Reproducible Research Book – Practicing Open Science

We recently had the honor of contributing a chapter to the book

Implementing Reproducible Research
edited by Victoria Stodden, Friedrich Leisch, and Roger D. Peng. 

The book features contributions under three major themes of

  • “Tools”,
  • “Practices and Guidelines” and
  • “Platforms”

Certainly three areas we are passionate about at Kitware!

Implementing Reproducible Research
Our Chapter

 “Practicing Open Science

summarizes our experience working at Kitware and with collaborators on the practical aspects of performing reproducible research on a daily basis while developing open source frameworks for scientific research, such as ParaView, VTK, ITK, CMake and MIDAS.

In particular we addressed the following topics:

  • Open Data
  • Open Source
  • Open Access
  • Open Standards
  • Open Science Platform
  • Challenges

The book is already available from Amazon, and chapters can be viewed online, and downloaded.

We hope that this book will be a valuable contribution to current and future scientists who want to practice the true scientific method, which is rooted in the principle of reproducibility verification.

“Nullius in Verba”
“Take Nobody’s word for it”

“It is an expression of the determination of Fellows of the Royal Society
to withstand the domination of authority
and to verify all statements by an appeal to facts determined by experiment.”


To be counted as true scientific work, the reports of experiments ought to be replicated first by independent groups. Such a task requires that the independent researchers have access to all the elements defining the experiment; today these elements must include software, data and documentation.

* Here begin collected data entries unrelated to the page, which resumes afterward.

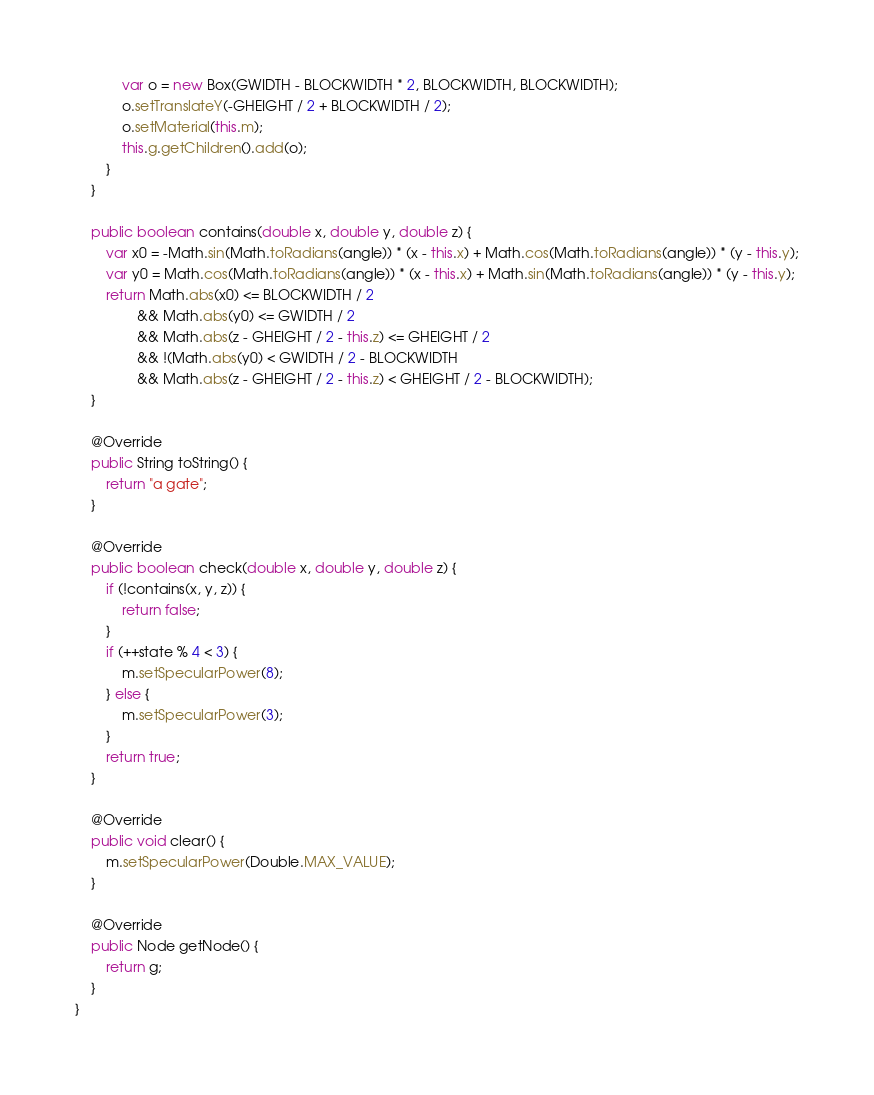Convert code to text. <code><loc_0><loc_0><loc_500><loc_500><_Java_>            var o = new Box(GWIDTH - BLOCKWIDTH * 2, BLOCKWIDTH, BLOCKWIDTH);
            o.setTranslateY(-GHEIGHT / 2 + BLOCKWIDTH / 2);
            o.setMaterial(this.m);
            this.g.getChildren().add(o);
        }
    }

    public boolean contains(double x, double y, double z) {
        var x0 = -Math.sin(Math.toRadians(angle)) * (x - this.x) + Math.cos(Math.toRadians(angle)) * (y - this.y);
        var y0 = Math.cos(Math.toRadians(angle)) * (x - this.x) + Math.sin(Math.toRadians(angle)) * (y - this.y);
        return Math.abs(x0) <= BLOCKWIDTH / 2
                && Math.abs(y0) <= GWIDTH / 2
                && Math.abs(z - GHEIGHT / 2 - this.z) <= GHEIGHT / 2
                && !(Math.abs(y0) < GWIDTH / 2 - BLOCKWIDTH
                && Math.abs(z - GHEIGHT / 2 - this.z) < GHEIGHT / 2 - BLOCKWIDTH);
    }

    @Override
    public String toString() {
        return "a gate";
    }

    @Override
    public boolean check(double x, double y, double z) {
        if (!contains(x, y, z)) {
            return false;
        }
        if (++state % 4 < 3) {
            m.setSpecularPower(8);
        } else {
            m.setSpecularPower(3);
        }
        return true;
    }

    @Override
    public void clear() {
        m.setSpecularPower(Double.MAX_VALUE);
    }

    @Override
    public Node getNode() {
        return g;
    }
}
</code>

Therefore, Open Science is a necessity to enable the practice of Reproducible Research.

There are a host of subjects covered in other book chapters, authored by strongly committed advocates and practitioners of reproducible research and open science.

We enthusiastically invite you to check them out.

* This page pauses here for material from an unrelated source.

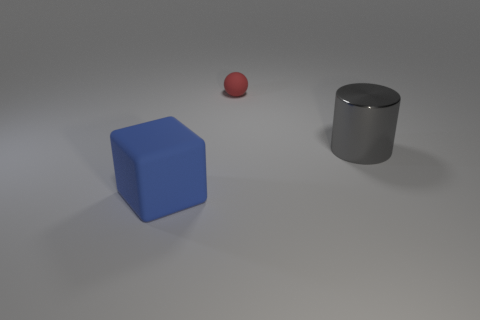Can you estimate the sizes of these objects relative to one another? The blue cube appears to have the largest dimensions of the three objects, followed by the gray cylinder. The red sphere is the smallest. Without a frame of reference for real-world size, exact measurements are not possible, but their size relationship to each other is apparent.

2 comments to Reproducible Research Book – Practicing Open Science

  1. Hi Luis etc.

    Great book chapter.

    I attended ISBI recently as a participant in one of the Grand Challenges. I talked to a lot of PHd candidates and it seemed there is still tremendous pressure on them to produce fractional dB SNR improvements on a few standard test images… I remember those days, 16 hour days in the computer lab trying to get fractional improvements on Lena.

    ISBI has a practical track…

    “Particular topics of interest for this track include: Recent practical developments/advances of optical, MRI, or other imaging instrumentation, imaging protocols, or biochemical tools as well as recent biological/clinical findings obtained primarily via the use of existing imaging algorithms or software tools.”

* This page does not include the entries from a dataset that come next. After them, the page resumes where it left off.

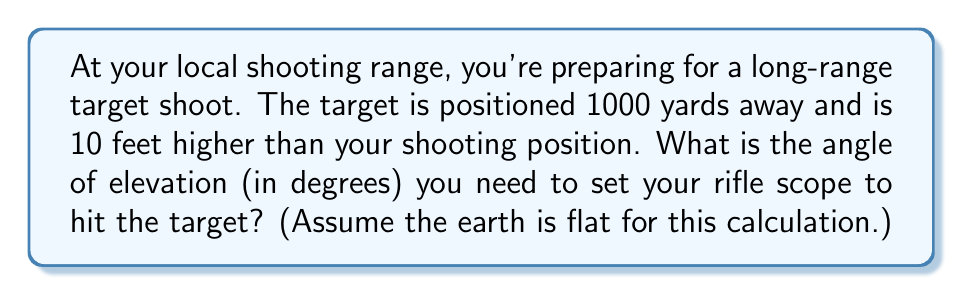Help me with this question. Let's approach this step-by-step:

1) First, we need to visualize the problem. We have a right triangle where:
   - The base (horizontal distance) is 1000 yards
   - The height difference is 10 feet

2) We need to convert all measurements to the same unit. Let's use feet:
   - 1000 yards = 3000 feet (1 yard = 3 feet)
   - The height remains 10 feet

3) Now we can set up our triangle:

[asy]
unitsize(0.1 inch);
draw((0,0)--(300,0)--(300,10)--(0,0),black);
label("3000 ft", (150,-5), S);
label("10 ft", (305,5), E);
label("θ", (5,5), NW);
[/asy]

4) We need to find the angle θ. In a right triangle, we can use the tangent function:

   $$\tan(\theta) = \frac{\text{opposite}}{\text{adjacent}} = \frac{\text{height}}{\text{base}}$$

5) Plugging in our values:

   $$\tan(\theta) = \frac{10}{3000} = \frac{1}{300}$$

6) To find θ, we need to use the inverse tangent (arctan or tan^(-1)):

   $$\theta = \tan^{-1}(\frac{1}{300})$$

7) Using a calculator (or a trig table for those who prefer):

   $$\theta \approx 0.19107 \text{ radians}$$

8) Convert radians to degrees:

   $$\theta \approx 0.19107 \times \frac{180}{\pi} \approx 10.95 \text{ degrees}$$
Answer: The angle of elevation needed is approximately $0.19107$ radians or $10.95$ degrees.

    but it seems to be a second class citizen…

    “Only 1-page abstract submissions will be considered and accepted submissions will be presented as posters at the meeting, but will be neither published in the conference proceedings nor in IEEE Xplore.”

    As one of the sponsors maybe Kitware could bring up the possibility of having the poster abstracts published. It would be nice to see the “Findings obtained primarily via the use of existing imaging algorithms” still published.

  2. Brian,

    Thanks for pointing this out.

    It is unfortunately true that most conferences, and almost of journals disregard the practical reality of scientific research, which is that 90% of the work is software development. Those who do not know this, are probably too far removed from the practical work of scientific research, that they can pretend to ignore this reality.

    As you mentioned, they treat software (and data) as second class citizens. I speculate that this is one more of the deleterious effects of how the “Publish-or-Perish” corruption has destroyed the essential ethics in scientific research.

    On the bright side, confronted with the poor record or reproducibility,
    several funding agencies are turning their attention to the basic contributions of (real) data sharers, and (open) software development, and starting to recognize how essential they are for actual scientific work.

    NIH is revising reproducibility rules:

    and NSF is exploring the mechanisms required to make software and data citable elements, so that they can contribute to the professional record of researcher, at a similar level of the traditional papers:

    To make this work, we must apply pressure in multiple directions.

    1) As authors, we must build the culture of “showing data and software” as a cultural norm. As to make hiding data and hiding software, an ethically unacceptable practice.

    2) As reviewers, we must request access to data and software. Otherwise, the reviewer is a head figure that simply glance over papers and write unfounded opinions of no scientific value.

    3) As readers, we must request access to data and software. Because the paper is never sufficient by itself to make the case for a result.

    4) As taxpayers, we must request government agencies to ensure that the public gets its money’s worth, by enforcing that publicly funded research is required to make public any acquired data and develop software.

    A new generation of true publishers is emerging. These “New Publishers” are restoring the essential meaning of the word “Publish” which is “To Make Public”.

    A true “Publication” is then, by definition, one where all the elements of the work are made public.

    Along those lines, true “Scientific Publishers”, are those who make “Reproducible Work” public.

    Anything else, is in my opinion, incomplete work, and false advertisement, and shall not be confused with scientific work.